I've frequently told the story of how, when I was around six or seven, I asked my parents for a doll house for Christmas. My father, of course, would not hear of it, and my pleadings fell on deaf ears. In his defense, both he and I were aware by that time that I was "different" (I knew I liked--really liked--boys, though I was too young to realize what that meant). He, I am sure, saw my fascination with doll houses as an omen that his son would soon be dressing up in women's clothes and putting on lipstick.
Of course--and this was something he never understood and I was unable to express at that young age--femininity had absolutely nothing to do with it. Never--then, now, or for one moment in my entire life-- have I ever wanted to be in any way feminine, or ever thought of myself as such. My fascination with doll houses had nothing to do with gender and everything to do with imagination.
But, to my father, doll houses were for girls, not for boys, and certainly not for his son. I don't remeber when or where I first saw a doll house, but I was utterly fascinated. I was entranced by the reality/fantasy/power aspects it presented. Here was a real (to me) house, with real (to me) furniture, and I was a giant with total control over it and whatever went on in or around it. I had no interest whatever in playing homemaker or inventing some imaginary family. No, what I wanted to do was get the furniture nicely arranged, then have some pretend-battle during which everything was violently knocked over and tossed about.

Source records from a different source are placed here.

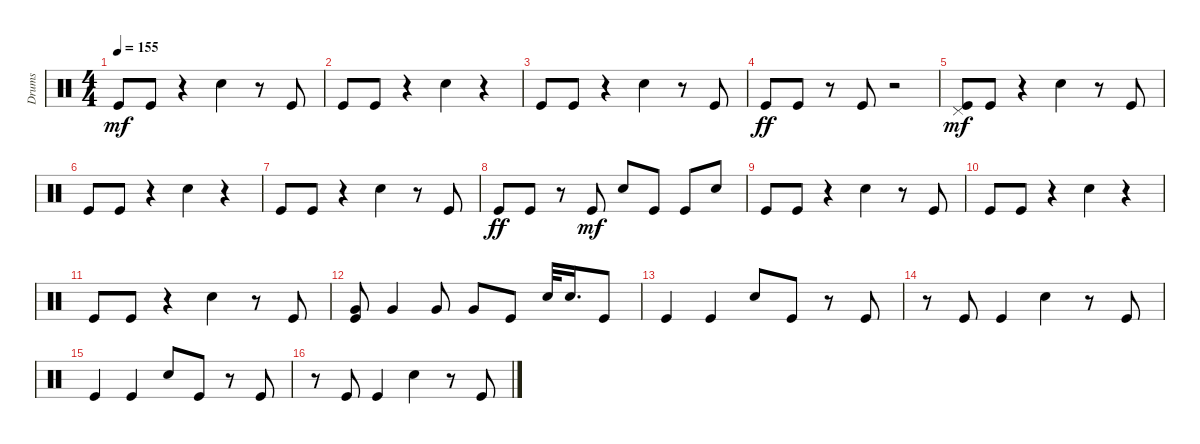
\track ("Drums" "Drums") {instrument percussion}
\staff {score}
\articulation defaults
\ts (4 4)
\tempo 155
\clef neutral
\ks c "Kick (hit)".8{dy mf} "Kick (hit)".8
r.4 "Snare (hit) 2".4 r.8 "Kick (hit)".8 |
"Kick (hit)".8 "Kick (hit)".8 r.4 "Snare (hit) 2".4 r.4 |
"Kick (hit)".8 "Kick (hit)".8 r.4 "Snare (hit) 2".4 r.8 "Kick (hit)".8 |
"Kick (hit)".8{dy ff} "Kick (hit)".8 r.8 "Kick (hit)".8 r.2 |
("Kick (hit)" "Pedal Hi-Hat (hit)").8{dy mf} "Kick (hit)".8 r.4 "Snare (hit) 2".4 r.8 "Kick (hit)".8 |
"Kick (hit)".8 "Kick (hit)".8 r.4 "Snare (hit) 2".4 r.4 |
"Kick (hit)".8 "Kick (hit)".8 r.4 "Snare (hit) 2".4 r.8 "Kick (hit)".8 |
"Kick (hit)".8{dy ff} "Kick (hit)".8 r.8 "Kick (hit)".8{dy mf} "Snare (hit) 2".8 "Kick (hit)".8 "Kick (hit)".8 "Snare (hit) 2".8 |
"Kick (hit)".8 "Kick (hit)".8 r.4 "Snare (hit) 2".4 r.8 "Kick (hit)".8 |
"Kick (hit)".8 "Kick (hit)".8 r.4 "Snare (hit) 2".4 r.4 |
"Kick (hit)".8 "Kick (hit)".8 r.4 "Snare (hit) 2".4 r.8 "Kick (hit)".8 |
("Very Low Tom (hit)" "Kick (hit)").8 "Very Low Tom (hit)".4 "Very Low Tom (hit)".8 "Very Low Tom (hit)".8 "Kick (hit)".8 "Snare (hit) 2".32 "Snare (hit) 2".16{d} "Kick (hit)".8 |
"Kick (hit)".4 "Kick (hit)".4 "Snare (hit) 2".8 "Kick (hit)".8 r.8 "Kick (hit)".8 |
r.8 "Kick (hit)".8 "Kick (hit)".4 "Snare (hit) 2".4 r.8 "Kick (hit)".8 |
"Kick (hit)".4 "Kick (hit)".4 "Snare (hit) 2".8 "Kick (hit)".8 r.8 "Kick (hit)".8 |
r.8 "Kick (hit)".8 "Kick (hit)".4 "Snare (hit) 2".4 r.8 "Kick (hit)".8

I've been given to melodrama from a very early age. The ordinary was, well, ordinary and therefore held relatively little interest for me; it was the pretend, the larger-than-life, the bravely facing adversity and trauma that intrigued me. It still does.
But back to my story. Christmas came, and with it the usual flood of parental generosity: my parents were what was then known as "lower middle class." They struggled and worked hard for every penny they had, yet they always found the money to indulge me to the best of their ability. But it was after all the gifts were exchanged and the floor was littered with torn wrapping paper, and the smell of the Christmas tree, warmed by the lights, hung over the room, that my mom called me aside and took me into my room, where, on my bed, was...a two-room doll house she had made out of an orange crate. The few pieces of furniture were far out of proportion to the rooms, but it was a doll house, and it was mine. I do not believe in heaven, or in angels, but I do believe in mothers.
That simple orange-crate doll house, with my other toys and the books I read and the stories I listened to were the razor strops on which I honed my imagination and led me to become a writer. For an insecure child excruciatingly aware that I was not like the children around me, imagination was--and is--my refuge from a world in which I never felt comfortable, or welcome.
Today I consider each of my books, in effect, a doll house wherein I carefully arrange the furniture. The major difference being that I also put people in them and watch, fascinated, as they go about their very-real-to-me lives with only an occasional conscious nudge or rearrangement from me.
Every child is born entrusted with a small bag of seeds which will grow to produce the adult that child becomes. The seed of imagination is among the most precious of all. It blooms early, but is too often then neglected and left to wither. But when carefully nourished and lovingly tended it can produce the most magnificent of flowers. And they look very nice on the soul's mantle, next to a doll house.